Moment generating function is
\[g(t) =\int_{x=0}^{\infty} e^{tx} \lambda e^{-\lambda x} dx\] \[= \lambda \int_{x=0}^{\infty} e^{(t-\lambda) x} dx\] \[= \begin{bmatrix} \frac{\lambda e^{(t-\lambda) x}}{(t-\lambda)} \end{bmatrix} ^{\infty}_{0}\] \[= \frac{0-\lambda}{t-\lambda} \;\; for\;t<\lambda\] \[= \lambda (\lambda-t)^{-1} \;\; for\;t<\lambda\]
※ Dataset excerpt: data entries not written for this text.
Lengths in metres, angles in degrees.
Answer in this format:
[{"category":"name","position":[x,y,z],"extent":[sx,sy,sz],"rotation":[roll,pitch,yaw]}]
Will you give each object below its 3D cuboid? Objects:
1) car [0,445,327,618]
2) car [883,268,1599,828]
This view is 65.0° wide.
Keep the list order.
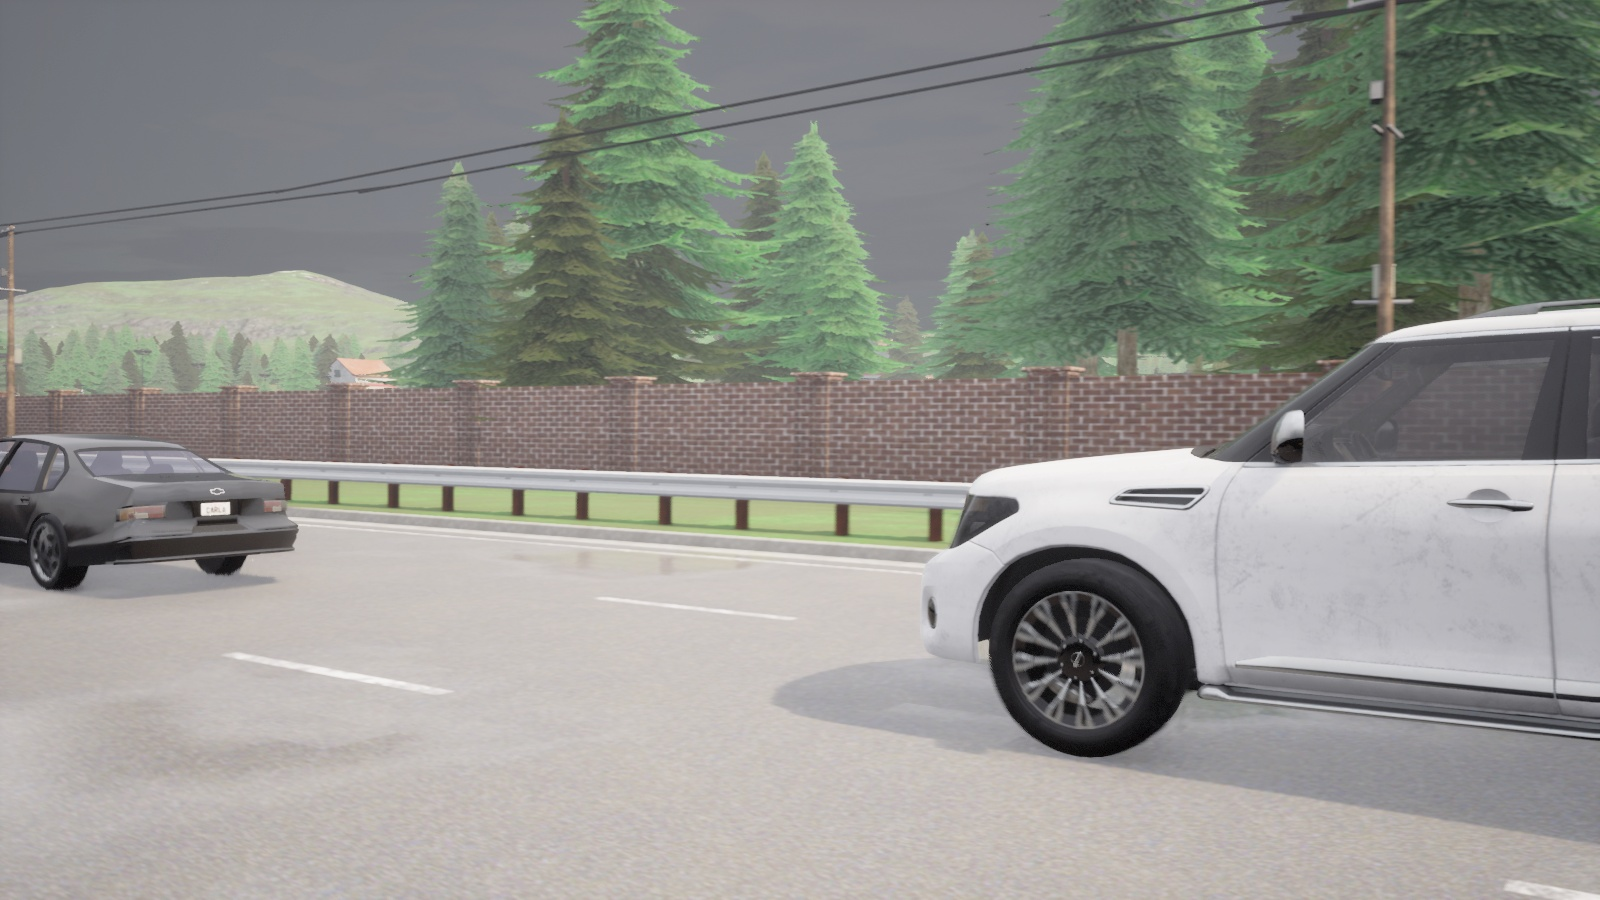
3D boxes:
[{"category":"car","position":[-7.350,0.672,12.709],"extent":[5.357,1.411,2.033],"rotation":[0,1,34]},{"category":"car","position":[3.334,0.343,5.605],"extent":[5.566,2.045,2.150],"rotation":[0,1,34]}]

First derivative of g(t) is
\[g'(t) = -\lambda(\lambda-t)^{-2}(-1)=\lambda(\lambda-t)^{-2}\]
Thus, \(E[X] = \mu = g'(t=0) = \lambda^{-1}\)
Second derivative of g(t) is
\[g''(t) = (-2)\lambda(\lambda-t)^{-3}(-1) = 2\lambda(\lambda-t)^{-3}\]
Thus, \(E[X^{2}] = g''(t=0) = 2\lambda^{-2}\)
and,
\[\sigma^{2} = E[X^{2}]-E[X]^{2} = 2\lambda^{-2} - (\lambda^{-1})^{2} = \lambda^{-2}\]
Therefore, the expected value and the variance of the binomial distribution using the moment generating function is \(\lambda^{-1}\) and \(\lambda^{-2}\).